Его большой палец скользит взад-вперед по моей скуле так медленно и нежно, что я начинаю гипнотизировать.
— Райли.
Игнорируя мою просьбу назвать его имя, вместо этого он пробует мое имя на язык. Он произносит его снова, еще тише, чем в первый раз. Он моргает, хмурится и слегка качает головой. Я могу сказать, что он не понимает, что происходит.
Я тоже.
—Райли Роуз, — говорю я, затаив дыхание, чувствуя, как меня бьет током. Чувствуя каждый удар своего сердца и каждый горячий пульс крови, несущийся по моим венам.
Почему я не зову охрану?

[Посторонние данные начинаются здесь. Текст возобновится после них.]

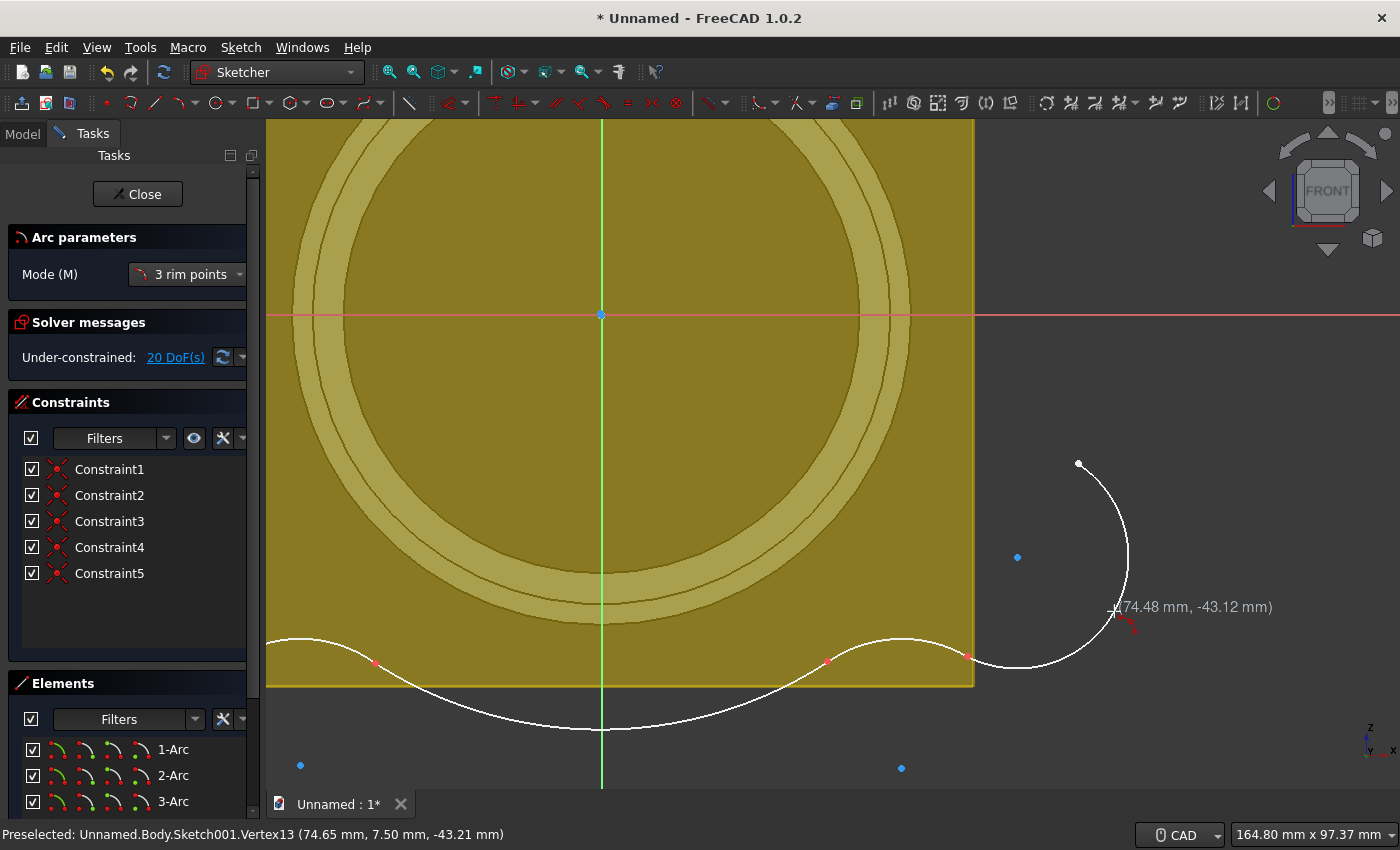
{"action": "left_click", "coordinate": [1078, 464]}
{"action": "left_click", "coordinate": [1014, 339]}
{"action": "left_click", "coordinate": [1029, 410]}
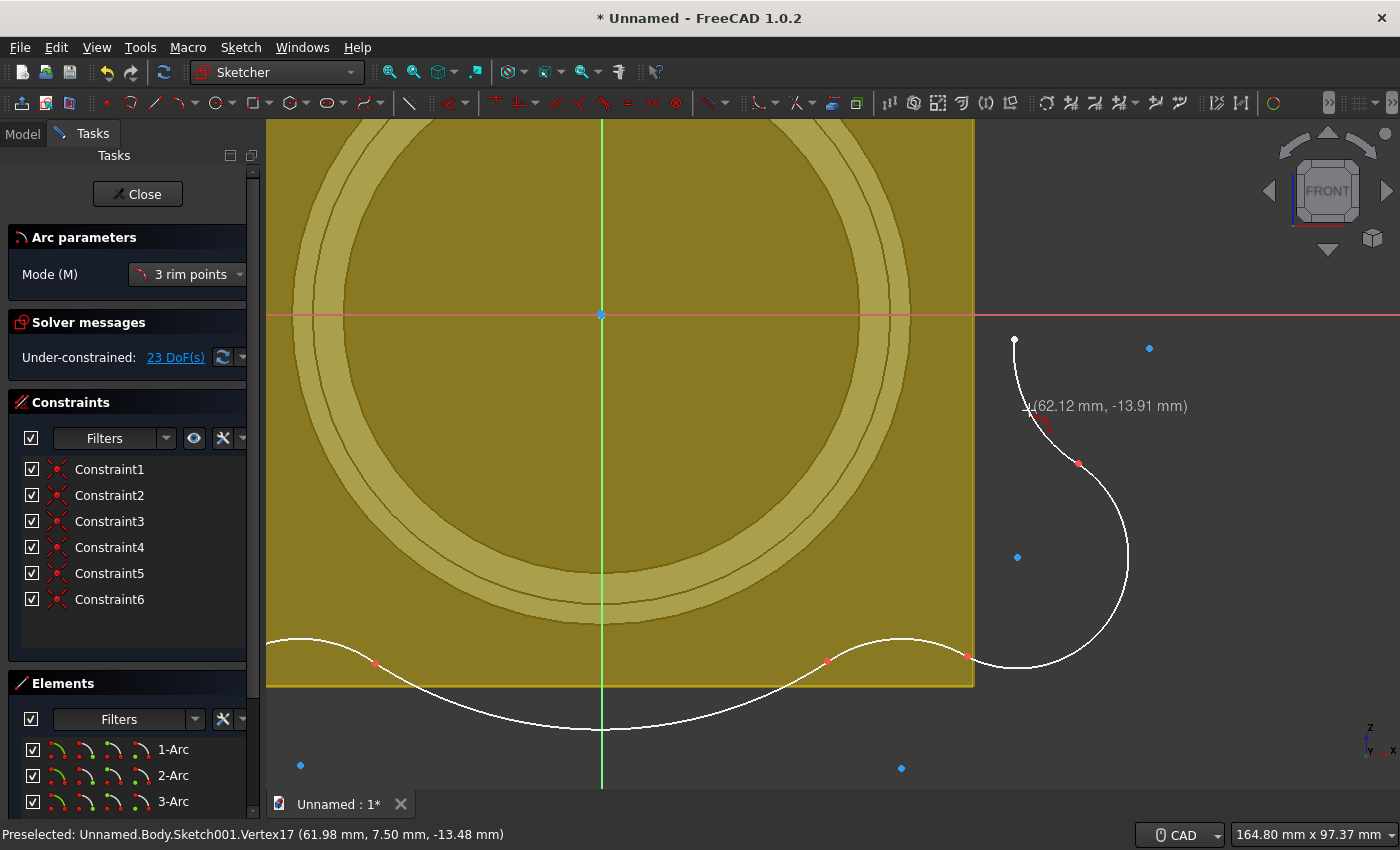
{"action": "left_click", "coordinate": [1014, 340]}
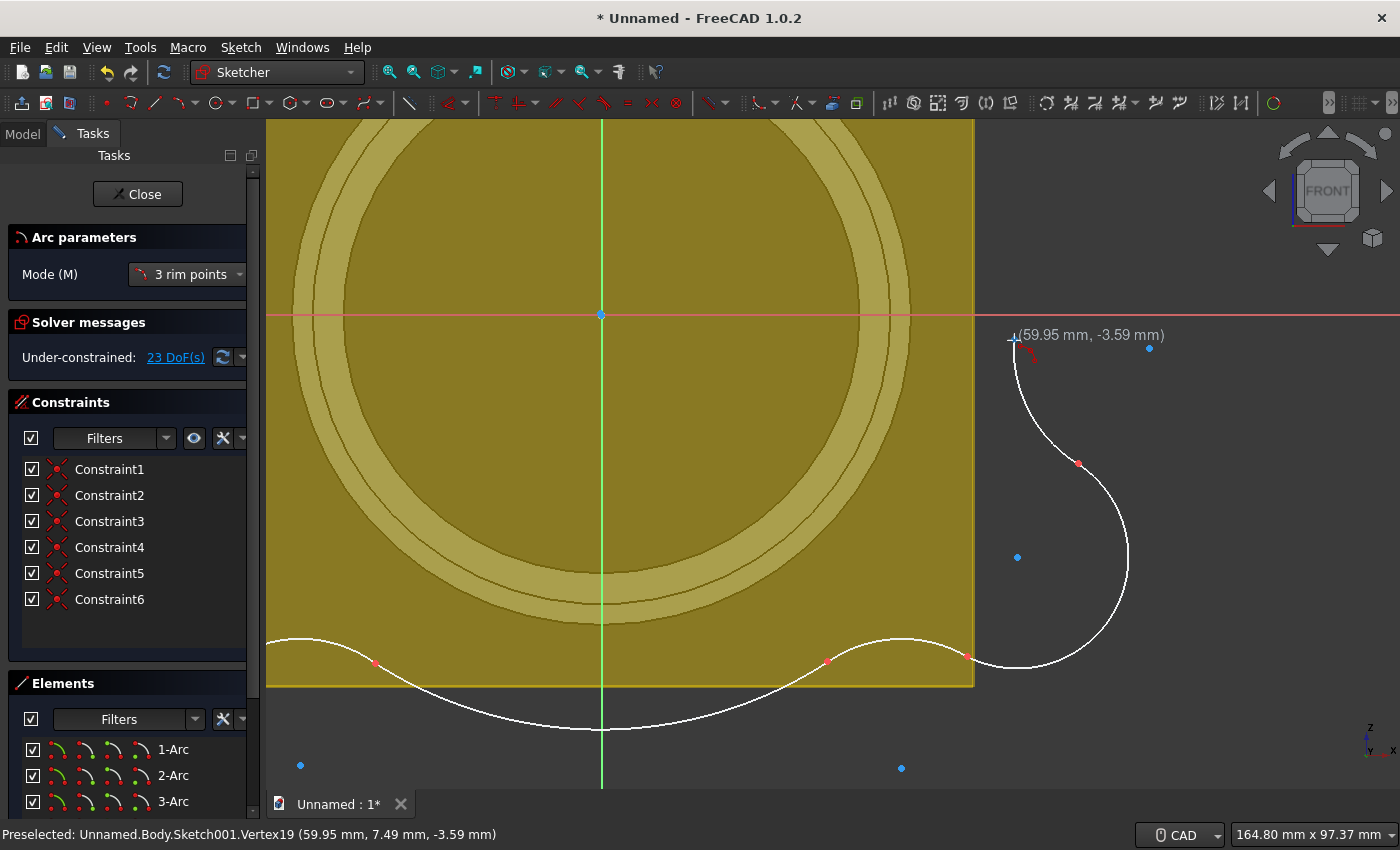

Как только я задаю себе этот вопрос, я знаю ответ: я не хочу, чтобы приходила охрана.
Глядя на меня так, словно он наблюдает свой первый восход солнца, он слегка проводит большим пальцем по моей верхней губе. Он хрипло шепчет: — Ты сделана из тонкого материала, Райли Роуз.
Господи, чертовы желтые пингвины, этот человек нереален.
Чувствуя, что прямо сейчас он расскажет мне все, что я захочу знать, я настаиваю: — Как тебя зовут?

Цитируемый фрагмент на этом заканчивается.